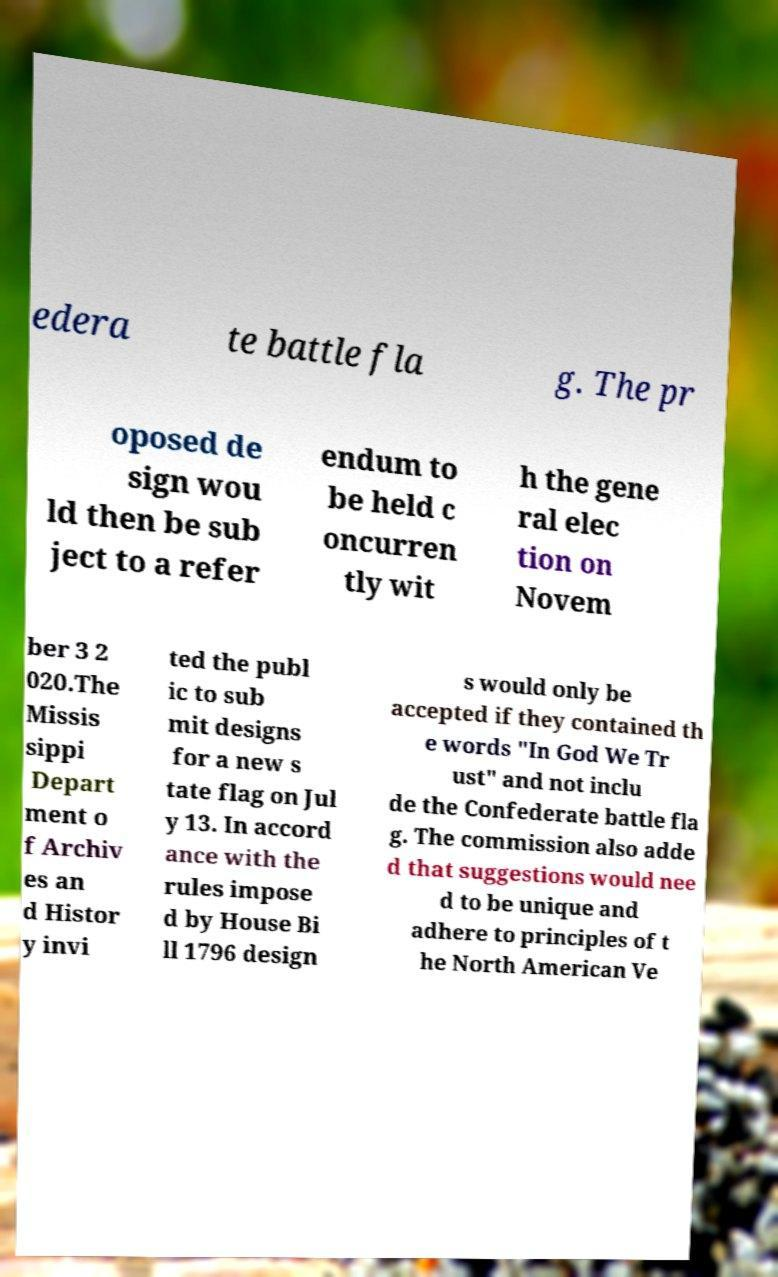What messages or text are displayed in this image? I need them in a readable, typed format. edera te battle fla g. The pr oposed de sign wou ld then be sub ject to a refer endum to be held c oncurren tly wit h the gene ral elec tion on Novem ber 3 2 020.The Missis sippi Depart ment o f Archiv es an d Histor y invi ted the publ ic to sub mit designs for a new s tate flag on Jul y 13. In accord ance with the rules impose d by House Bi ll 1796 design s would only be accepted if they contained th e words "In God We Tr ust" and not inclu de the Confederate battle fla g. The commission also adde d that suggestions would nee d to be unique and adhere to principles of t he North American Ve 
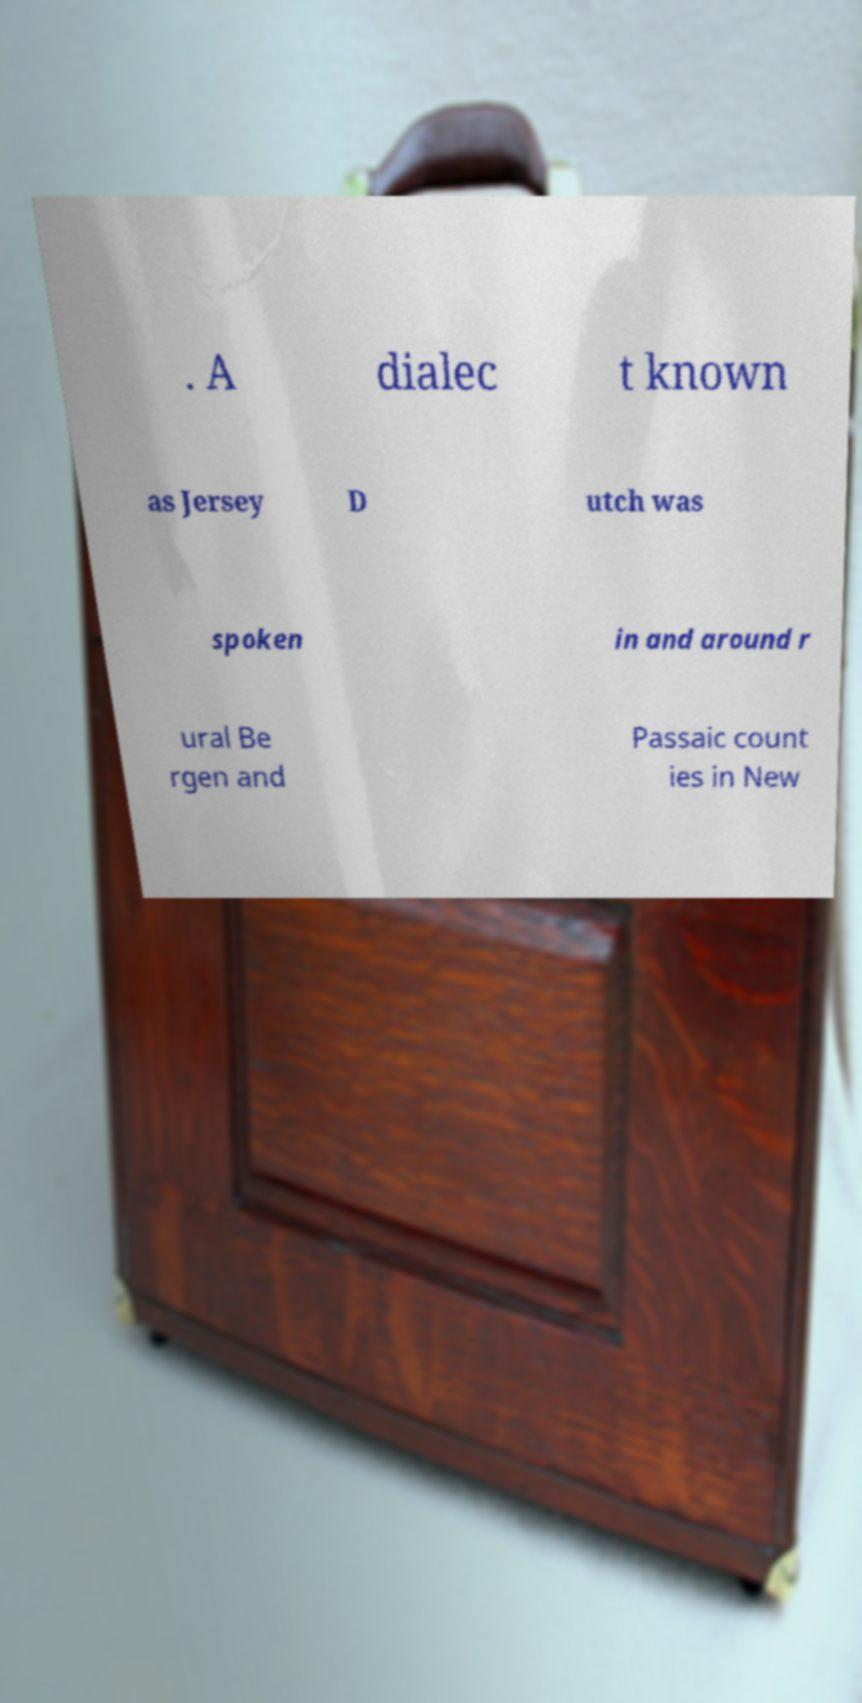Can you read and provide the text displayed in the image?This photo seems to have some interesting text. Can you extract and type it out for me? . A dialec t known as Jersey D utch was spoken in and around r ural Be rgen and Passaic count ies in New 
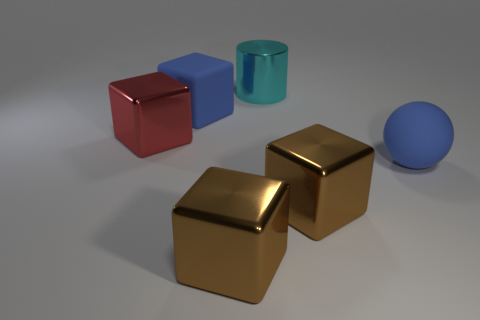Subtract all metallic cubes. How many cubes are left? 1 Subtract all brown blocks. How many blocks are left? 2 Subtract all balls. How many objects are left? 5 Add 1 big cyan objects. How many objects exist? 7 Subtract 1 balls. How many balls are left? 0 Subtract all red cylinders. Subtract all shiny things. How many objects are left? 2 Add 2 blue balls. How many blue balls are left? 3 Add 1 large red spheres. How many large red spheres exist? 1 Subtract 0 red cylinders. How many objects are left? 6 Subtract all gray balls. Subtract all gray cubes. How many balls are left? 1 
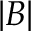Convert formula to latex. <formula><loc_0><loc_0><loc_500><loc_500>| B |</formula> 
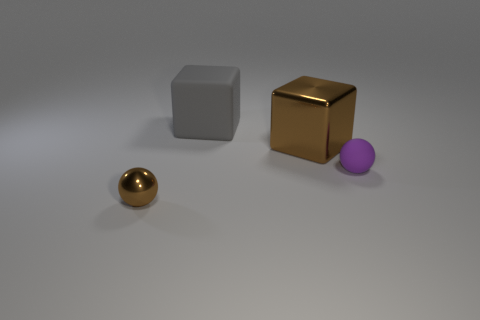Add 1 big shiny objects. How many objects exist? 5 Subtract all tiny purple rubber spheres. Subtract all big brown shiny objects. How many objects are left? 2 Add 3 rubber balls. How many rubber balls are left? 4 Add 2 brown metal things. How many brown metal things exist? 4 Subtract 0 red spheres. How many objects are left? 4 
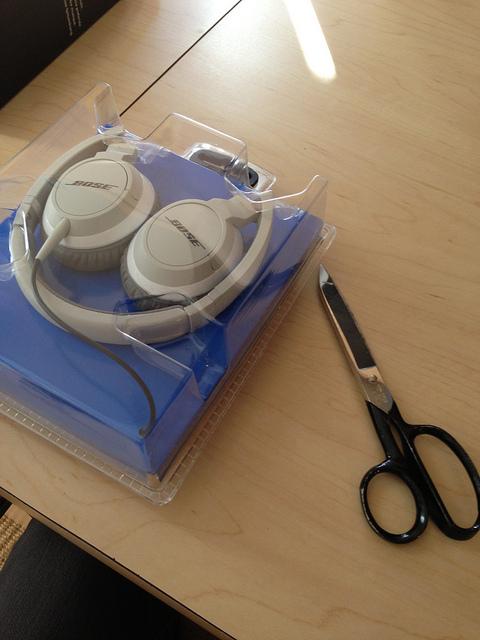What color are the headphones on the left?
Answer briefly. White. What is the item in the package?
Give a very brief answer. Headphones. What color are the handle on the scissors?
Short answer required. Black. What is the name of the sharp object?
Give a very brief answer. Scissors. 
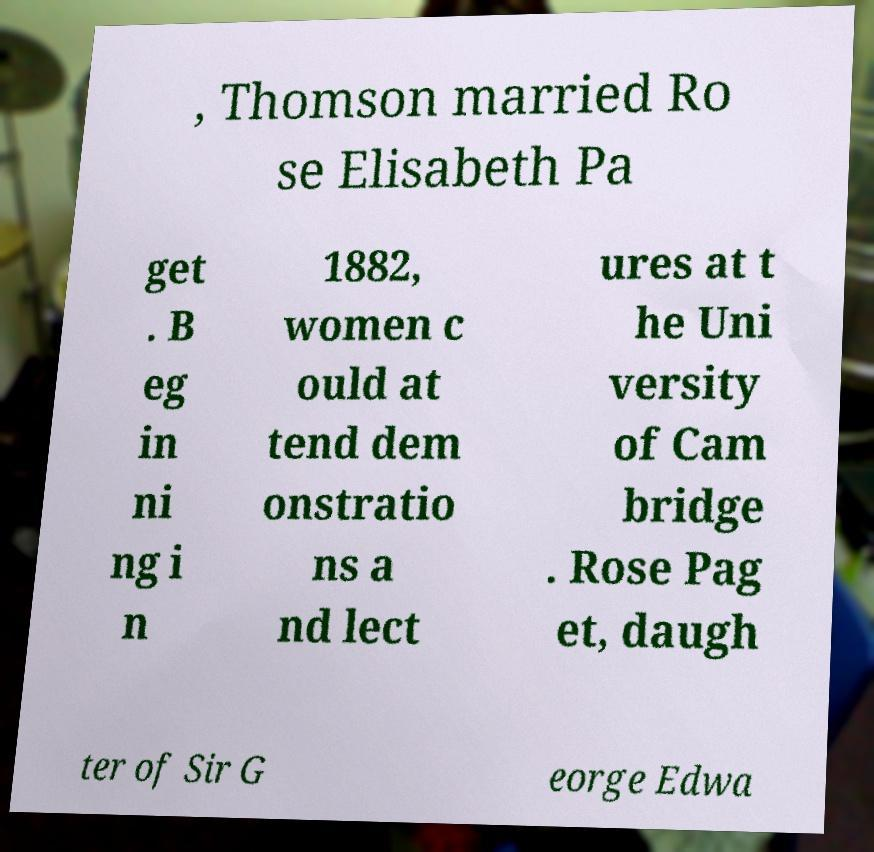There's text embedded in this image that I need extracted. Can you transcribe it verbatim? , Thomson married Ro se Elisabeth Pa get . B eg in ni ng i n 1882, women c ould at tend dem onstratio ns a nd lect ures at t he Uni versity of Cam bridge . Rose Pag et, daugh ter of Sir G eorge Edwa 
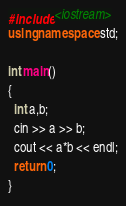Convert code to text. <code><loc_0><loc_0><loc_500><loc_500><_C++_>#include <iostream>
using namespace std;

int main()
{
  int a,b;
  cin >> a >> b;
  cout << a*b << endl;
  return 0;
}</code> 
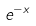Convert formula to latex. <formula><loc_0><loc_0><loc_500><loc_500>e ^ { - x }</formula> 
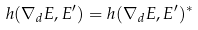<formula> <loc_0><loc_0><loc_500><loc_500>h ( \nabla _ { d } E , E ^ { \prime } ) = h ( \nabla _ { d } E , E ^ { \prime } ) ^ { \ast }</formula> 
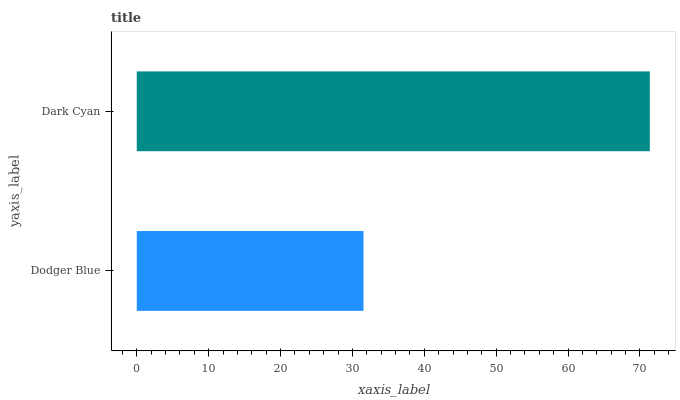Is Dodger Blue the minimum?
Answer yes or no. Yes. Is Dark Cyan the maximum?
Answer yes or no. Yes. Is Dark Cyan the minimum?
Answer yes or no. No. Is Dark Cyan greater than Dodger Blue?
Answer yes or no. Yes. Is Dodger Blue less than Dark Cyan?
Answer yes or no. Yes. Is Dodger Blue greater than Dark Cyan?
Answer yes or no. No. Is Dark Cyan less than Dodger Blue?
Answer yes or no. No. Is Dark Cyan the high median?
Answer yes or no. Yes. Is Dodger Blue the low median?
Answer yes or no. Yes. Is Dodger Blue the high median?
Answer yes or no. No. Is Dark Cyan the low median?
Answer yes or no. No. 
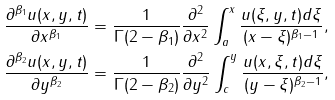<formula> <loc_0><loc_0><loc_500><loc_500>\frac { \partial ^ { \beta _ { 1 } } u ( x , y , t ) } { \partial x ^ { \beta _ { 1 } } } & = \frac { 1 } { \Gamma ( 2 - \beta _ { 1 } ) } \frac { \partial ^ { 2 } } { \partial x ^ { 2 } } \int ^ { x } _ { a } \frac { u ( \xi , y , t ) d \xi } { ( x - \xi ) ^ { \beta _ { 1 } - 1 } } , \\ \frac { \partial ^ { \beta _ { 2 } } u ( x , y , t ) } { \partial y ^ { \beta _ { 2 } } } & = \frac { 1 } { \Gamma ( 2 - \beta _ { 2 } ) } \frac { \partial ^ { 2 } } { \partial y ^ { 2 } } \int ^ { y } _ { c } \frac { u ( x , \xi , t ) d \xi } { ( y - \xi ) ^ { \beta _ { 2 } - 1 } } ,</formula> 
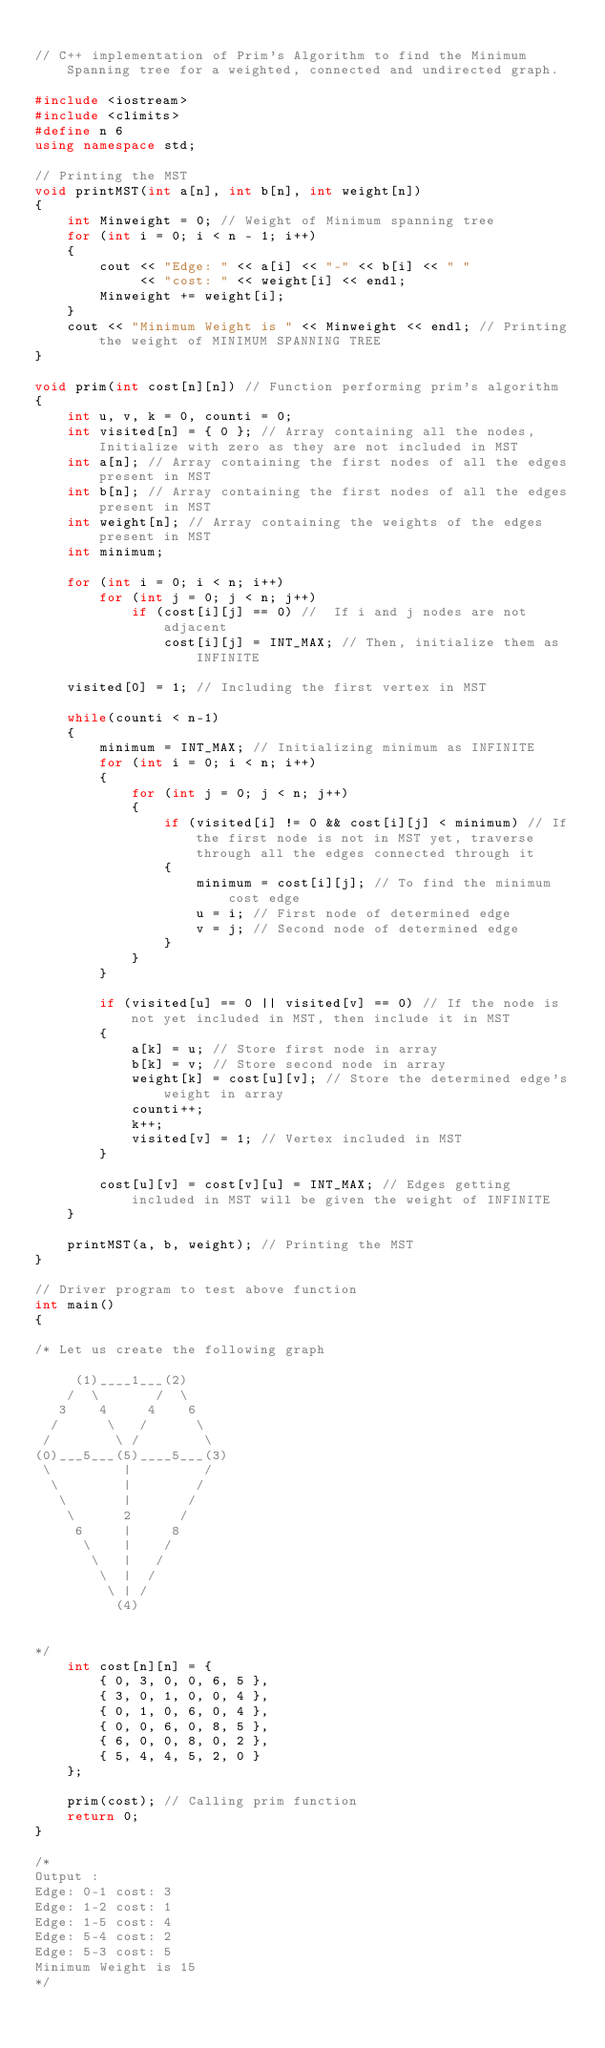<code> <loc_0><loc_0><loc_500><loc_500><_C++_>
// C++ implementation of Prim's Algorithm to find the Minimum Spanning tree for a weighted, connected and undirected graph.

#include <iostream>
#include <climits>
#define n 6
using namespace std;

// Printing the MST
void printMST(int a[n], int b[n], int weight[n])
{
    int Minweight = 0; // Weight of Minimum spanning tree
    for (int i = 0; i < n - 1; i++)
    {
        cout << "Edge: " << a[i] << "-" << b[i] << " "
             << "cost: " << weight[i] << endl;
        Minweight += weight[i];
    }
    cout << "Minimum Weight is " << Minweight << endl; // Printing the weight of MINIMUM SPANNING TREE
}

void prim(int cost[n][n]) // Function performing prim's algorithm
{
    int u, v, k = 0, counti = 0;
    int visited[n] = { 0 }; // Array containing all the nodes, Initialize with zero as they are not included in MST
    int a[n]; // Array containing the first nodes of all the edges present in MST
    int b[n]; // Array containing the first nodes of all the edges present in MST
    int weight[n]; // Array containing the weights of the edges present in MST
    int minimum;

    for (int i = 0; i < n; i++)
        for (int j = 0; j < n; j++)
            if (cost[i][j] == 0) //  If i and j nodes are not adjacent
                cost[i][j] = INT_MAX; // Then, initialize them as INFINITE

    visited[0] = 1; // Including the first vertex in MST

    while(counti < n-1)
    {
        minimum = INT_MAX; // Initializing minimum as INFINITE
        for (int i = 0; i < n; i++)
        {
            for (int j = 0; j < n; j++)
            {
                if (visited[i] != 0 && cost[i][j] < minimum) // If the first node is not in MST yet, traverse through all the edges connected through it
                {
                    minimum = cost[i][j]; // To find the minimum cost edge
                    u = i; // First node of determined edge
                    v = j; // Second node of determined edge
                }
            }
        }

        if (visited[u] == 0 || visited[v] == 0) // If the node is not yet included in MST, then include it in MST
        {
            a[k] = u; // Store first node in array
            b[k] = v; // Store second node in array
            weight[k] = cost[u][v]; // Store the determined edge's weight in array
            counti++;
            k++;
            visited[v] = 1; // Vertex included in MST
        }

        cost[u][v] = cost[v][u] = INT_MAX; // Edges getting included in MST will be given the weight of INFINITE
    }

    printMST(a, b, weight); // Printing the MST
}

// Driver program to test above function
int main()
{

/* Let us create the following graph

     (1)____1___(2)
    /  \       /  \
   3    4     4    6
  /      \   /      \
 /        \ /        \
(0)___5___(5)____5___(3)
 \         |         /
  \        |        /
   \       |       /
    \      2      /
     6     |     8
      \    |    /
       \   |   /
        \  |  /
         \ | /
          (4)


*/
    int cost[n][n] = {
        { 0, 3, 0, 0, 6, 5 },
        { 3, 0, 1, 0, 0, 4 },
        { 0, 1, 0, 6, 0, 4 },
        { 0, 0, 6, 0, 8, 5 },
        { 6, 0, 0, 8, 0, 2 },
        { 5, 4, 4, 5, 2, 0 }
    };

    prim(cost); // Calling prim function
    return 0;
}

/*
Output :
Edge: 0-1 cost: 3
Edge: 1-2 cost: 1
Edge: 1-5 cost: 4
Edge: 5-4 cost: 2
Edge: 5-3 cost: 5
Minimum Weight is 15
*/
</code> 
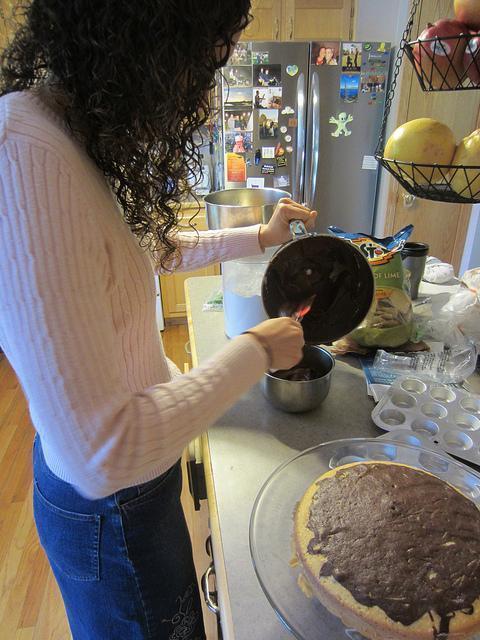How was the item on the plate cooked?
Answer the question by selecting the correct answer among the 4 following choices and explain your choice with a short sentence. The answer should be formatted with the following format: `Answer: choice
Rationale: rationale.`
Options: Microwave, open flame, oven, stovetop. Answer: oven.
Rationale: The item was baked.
+-------+
*ABOUT THIS TASK*
Copy the line containing "Options: Microwave, open" and every line after it, through the last line of the records. Include nothing else.

*WRITTEN ANSWER*
Options: Microwave, open flame, oven, stovetop. Answer: oven.
Rationale: The item was baked.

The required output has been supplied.